Posted April 23, 2020
Last modified April 23, 2020
By Nancy Lloyd
The joy of teaching lies in seeing the whole class come alive, with everyone on target and enjoying the work. Working with the Telling Room process makes that happen more often than not. The Telling Room is a Portland-based educational nonprofit that works with students from 6-17 to allow them to tell their stories in their own voices (see: TellingRoom.org).

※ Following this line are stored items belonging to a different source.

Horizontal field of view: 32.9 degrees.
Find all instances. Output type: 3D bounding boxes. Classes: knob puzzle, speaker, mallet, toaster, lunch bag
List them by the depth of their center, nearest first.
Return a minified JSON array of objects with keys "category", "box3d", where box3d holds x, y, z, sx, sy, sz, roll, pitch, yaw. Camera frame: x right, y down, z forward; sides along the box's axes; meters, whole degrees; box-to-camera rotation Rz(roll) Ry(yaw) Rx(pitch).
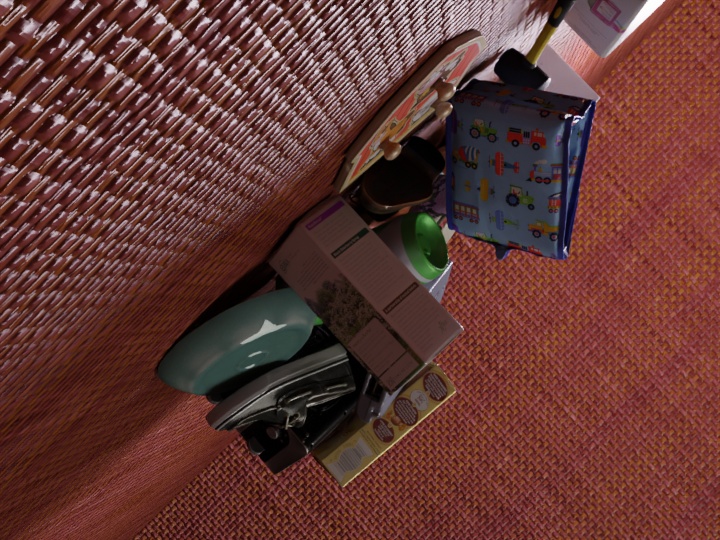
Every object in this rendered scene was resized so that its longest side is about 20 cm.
[{"category":"knob puzzle","box3d":[0.062,-0.161,1.197,0.220,0.030,0.220,-43,175,-5]},{"category":"mallet","box3d":[0.225,-0.272,1.401,0.041,0.066,0.200,-38,172,-39]},{"category":"lunch bag","box3d":[0.175,-0.103,1.403,0.094,0.150,0.201,-36,136,-55]},{"category":"speaker","box3d":[0.000,0.000,1.419,0.199,0.089,0.088,-22,-173,29]},{"category":"toaster","box3d":[-0.096,0.132,1.556,0.119,0.181,0.200,-40,180,44]}]

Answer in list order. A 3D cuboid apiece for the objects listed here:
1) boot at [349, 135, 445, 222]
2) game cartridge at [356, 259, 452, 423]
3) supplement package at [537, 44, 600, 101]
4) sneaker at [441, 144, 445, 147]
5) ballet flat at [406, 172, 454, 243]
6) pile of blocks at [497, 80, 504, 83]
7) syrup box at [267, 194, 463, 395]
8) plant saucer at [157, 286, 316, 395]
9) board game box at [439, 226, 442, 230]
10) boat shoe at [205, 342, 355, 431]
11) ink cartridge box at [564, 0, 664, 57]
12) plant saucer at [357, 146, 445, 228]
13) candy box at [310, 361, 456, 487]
[{"category":"boot","box3d":[0.029,-0.080,1.373,0.097,0.075,0.200,-50,175,29]},{"category":"game cartridge","box3d":[0.056,0.081,1.511,0.133,0.041,0.201,-41,155,-53]},{"category":"supplement package","box3d":[0.231,-0.208,1.752,0.114,0.110,0.200,-41,175,-28]},{"category":"sneaker","box3d":[0.161,-0.161,1.680,0.076,0.092,0.200,-41,174,-27]},{"category":"ballet flat","box3d":[0.086,-0.057,1.600,0.069,0.071,0.200,-26,167,-25]},{"category":"pile of blocks","box3d":[0.167,-0.135,1.499,0.082,0.201,0.062,3,-168,21]},{"category":"syrup box","box3d":[0.004,0.025,1.294,0.081,0.200,0.079,-38,173,-43]},{"category":"plant saucer","box3d":[-0.127,0.087,1.356,0.199,0.036,0.200,-27,162,-9]},{"category":"board game box","box3d":[0.052,0.037,1.571,0.136,0.034,0.200,-53,163,-25]},{"category":"boat shoe","box3d":[-0.084,0.149,1.420,0.199,0.071,0.072,-24,172,-32]},{"category":"ink cartridge box","box3d":[0.337,-0.361,1.466,0.144,0.085,0.200,-43,177,-10]},{"category":"plant saucer","box3d":[0.061,-0.101,1.612,0.200,0.032,0.200,-37,171,-7]},{"category":"candy box","box3d":[0.020,0.192,1.637,0.200,0.055,0.115,-38,-160,-9]}]
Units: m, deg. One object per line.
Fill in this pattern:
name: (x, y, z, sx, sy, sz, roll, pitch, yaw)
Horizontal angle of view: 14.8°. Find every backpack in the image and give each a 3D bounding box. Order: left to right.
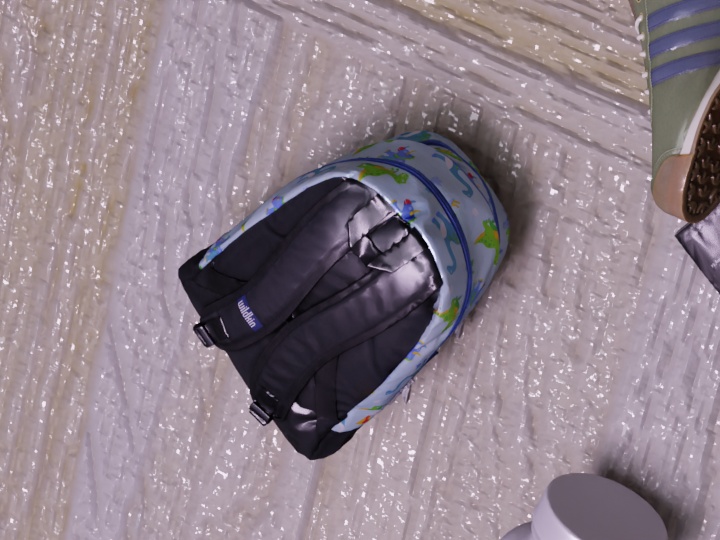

In October, Telling Room lead teacher Caitlin Schick began a began a two-day-a-week, ten-week residency at the Vinalhaven School with Robb Warren’s fourth and fifth grade class. Wilhemina Ulbrich and I were support teachers, arriving for one day each. The promise that we strangers brought was that every student would become a writer of a very short story—a process called flash fiction—and then become a published author in a book.
With 20 students who are all island neighbors, Robb and his co teacher, Pat Paquet, keep a happy, disciplined classroom, relaxed, and respectful. This made it easy for we strangers “from away” to settle down into focused creativity.
We were peppered with questions. What is a story? What is flash fiction? How long is it? How do you make a book? What is an author? What do we do?
Schick is a superior teacher, warm and firm. As well as assuring each student that their ideas could and would make a good story, she is a lively story teller herself who makes new ideas fun.
Mr. Warren and Ms. Paquet quickly caught on to The Telling Room style. Their classroom reflected insistence on respect and calm behavior. The curricula of alternating games, think time, and writing, reading, and listening helped everyone along the path of watching creativity unfold.
From brainstorming, writing a first draft, self-editing, reading to your neighbor, more editing… what’s missing? Thinking again, final draft, then titles and reading to everyone. And so the stories progressed—slowly, but surely.
Like the clapping rhyme, “Miss Mary Mack, Mack, Mack…” they went over and over their ideas. “It was an abandoned house… There was an alien. We went into the woods and saw a… The tree was alive with a thing. What kind of thing? It was purple. It was an alien, it burst into flames, it came at night…”
And, “I was walking home the same way I always did. The wind blew through the window. Did it smash the window?”
Those days were joyous, but stressful. Would they finish their stories? Would they be stories? Publications director Molly McGrath came up from Portland to take their pictures for the book and explain how a book is made. The tedium of thinking and editing was beginning to pass.
“You mean my story will be in a book?”
“What’s it called?”
Wait! You need to give the book a title. Hmmm. Let’s write ideas on the board and take a vote.
And so it became known as Planet Vinalhaven.
Nancy Lloyd taught as a Peace Corps volunteer at the University of the South In Sousse, Tunisia, then for 16 years taught First Year Composition at Franklin Pierce University in New Hampshire. Now retired, she lives in Camden.